The origin of inguinal canal-related groin pain is functional.20 Physiologically, during muscular contraction of the abdominal wall, the conjoint tendon lowers and closes the deep inguinal ring like “a curtain” decreasing its diameter. Thus, the inguinal canal becomes more oblique and longer, and the deep ring of the inguinal canal moves upwards and outwards. Functionally, the “sealing” of the inguinal canal depends upon the contraction of the flat muscles, mainly the internal oblique muscle as well as the morphology of the conjoint tendon.19

Thus, in the presence of the conjoint tendon, the internal oblique muscle compresses by contracting the inguinal canal, acting as a “sphincter” and preventing the development of a hernia.17, 21 According to our experience, conjoint tendon abnormalities play a role in the defective covering of the deep ring during muscle contraction, weakening the posterior wall. When this is combined with repetitive microtraumatic muscular lesions, parietal weakness can develop.

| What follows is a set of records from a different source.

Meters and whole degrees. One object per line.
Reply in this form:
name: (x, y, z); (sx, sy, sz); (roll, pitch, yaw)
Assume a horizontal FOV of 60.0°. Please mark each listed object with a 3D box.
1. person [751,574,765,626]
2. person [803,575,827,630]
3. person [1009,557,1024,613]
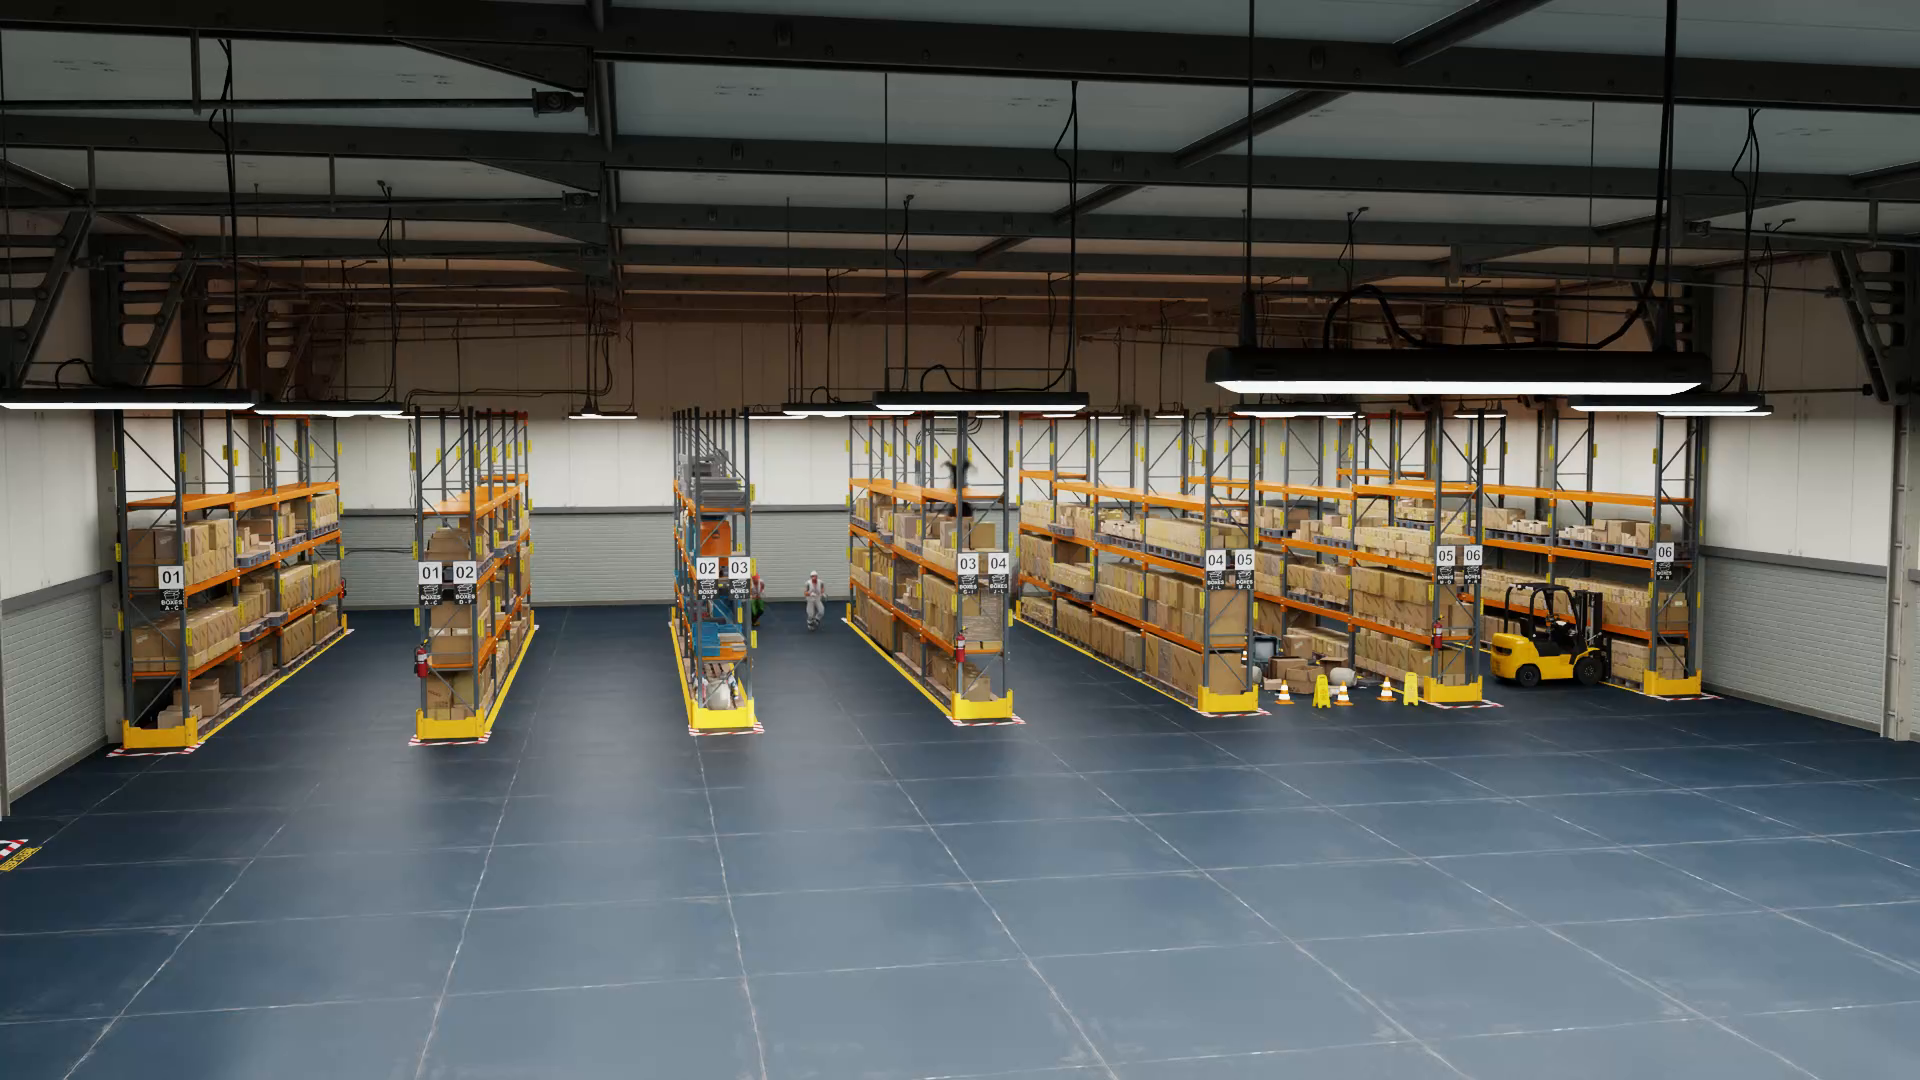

The lowering of the conjoint tendon towards the inguinal ligament, the upwards and outwards movement of the deep inguinal ring, the closing of the pillars of the external oblique muscle resulting in narrowing of the superficial inguinal ring, the retraction of the cremaster and the ascent of the cord are all anatomic factors that limit the opening of the canal. Inguinal wall weakness may involve one or more of the parietal components of the anterior or posterior walls.7

Posterior wall deficiency is due to degeneration of the transversis abdominis and internal oblique muscles resulting in weakness of the posterior inguinal wall, which become lax and can protrude into the inguinal canal causing a mass effect during straining. With ongoing injury, this can potentially in turn lead to complete disruption of the posterior wall resulting in a direct inguinal hernia. The conjoint tendon and/or the fascia transversalis are most frequently involved according to recent surgical descriptions3, 11 (Figure 3) . At the posterior wall, protrusion of the pre-peritoneal fat in the spermatic cord contributes to the progressive widening of the deep inguinal ring helping maintain the degeneration of the posterior wall, resulting in:

Figure 3.

Figure 3.

Anterior laparoscopic view of the inguinal canal during Shouldice procedure shows dehiscence of the TF and protrusion of pre-peritoneal fat (star). CT, conjoint tendon; IL, inguinal ligament; SC, Spermatic cord; TF, transversalis fascia.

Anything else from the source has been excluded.